Switch to renewables won’t end the geopolitics of energy


In another sign that the age of fossil fuels is waning, the California State Senate has passed a bill to commit the state to use 100% renewable energy (RE) for power by 2045. Other states and cities — including Massachusetts, Chicago and Atlanta — intend to make similar switches.

Proponents highlight a bevy of ways in which the Age of Renewables will improve our lives: Lower carbon emissions, cheaper electricity rates, new abilities to bring power to impoverished nations…and independence from the economic and political entanglements of volatile global oil and gas (O&G) markets.

Yes, there are many reasons to be enthusiastic about a shift toward renewables. Unfortunately, an escape from energy geopolitics is not likely to be among them.

Americans and Europeans in particular are familiar with the geopolitical downsides of a heavy reliance on fossil fuels. Even though energy embargoes are extremely rare, and hardly ever in the interest of the producers, the spectre of the 1973 Arab oil remains. For many in Eastern Europe, the 2006 and 2009 gas cut-offs to Ukraine by Russia are an equally disturbing memory.

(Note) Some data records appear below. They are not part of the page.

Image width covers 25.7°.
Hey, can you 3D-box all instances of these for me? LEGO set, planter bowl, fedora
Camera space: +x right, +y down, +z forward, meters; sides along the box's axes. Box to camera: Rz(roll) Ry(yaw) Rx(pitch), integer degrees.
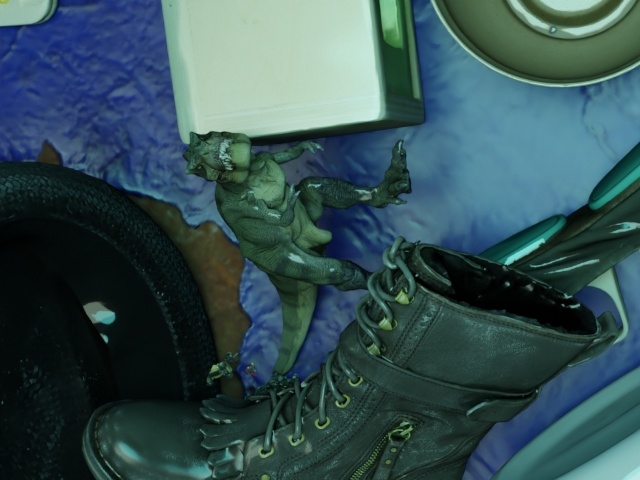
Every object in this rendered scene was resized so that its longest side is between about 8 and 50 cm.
[{"bbox_3d":[-0.034,0.096,0.928,0.054,0.023,0.083,-30,119,26],"label":"LEGO set"},{"bbox_3d":[0.146,-0.170,0.831,0.162,0.109,0.162,1,94,12],"label":"planter bowl"},{"bbox_3d":[-0.216,0.116,0.892,0.152,0.334,0.334,4,96,46],"label":"fedora"}]

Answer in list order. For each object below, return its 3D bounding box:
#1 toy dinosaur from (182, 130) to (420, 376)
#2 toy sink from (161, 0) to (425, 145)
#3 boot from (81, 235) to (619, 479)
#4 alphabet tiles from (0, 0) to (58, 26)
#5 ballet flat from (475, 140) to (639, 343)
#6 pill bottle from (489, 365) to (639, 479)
[{"bbox_3d":[0.000,0.000,0.833,0.118,0.268,0.064,-8,55,7],"label":"toy dinosaur"},{"bbox_3d":[-0.015,-0.179,0.846,0.131,0.153,0.234,-7,91,13],"label":"toy sink"},{"bbox_3d":[0.011,0.079,0.816,0.263,0.091,0.229,11,134,-18],"label":"boot"},{"bbox_3d":[-0.257,-0.284,0.940,0.278,0.021,0.284,-1,103,13],"label":"alphabet tiles"},{"bbox_3d":[0.177,0.004,0.853,0.280,0.095,0.096,-38,95,23],"label":"ballet flat"},{"bbox_3d":[0.265,0.246,0.780,0.210,0.210,0.363,-35,87,13],"label":"pill bottle"}]

Simply the threat of such actions carries political weight.

For other nations, particularly in Asia, reliance on energy supplies coming from afar, through numerous transit chokepoints such as the Strait of Malacca between Indonesia and Malaysia, is a permanent worry. And, of course, there are the volatile politics of the Middle East and other energy-producing countries such as Nigeria and Venezuela.

Why won’t an embrace of solar, wind and the like relieve us of all such geopolitical concerns?

First, a shift to renewables in the power grid, as with the California plan, will only go so far until our transportation sector is radically changed by electric cars becoming more of the norm. As long as most of the energy used in transportation is petroleum-based, more renewables will have little impact on the geopolitics of oil (or its consumption).

More importantly, a shift to RE could well bring its own complications in the geopolitical domain.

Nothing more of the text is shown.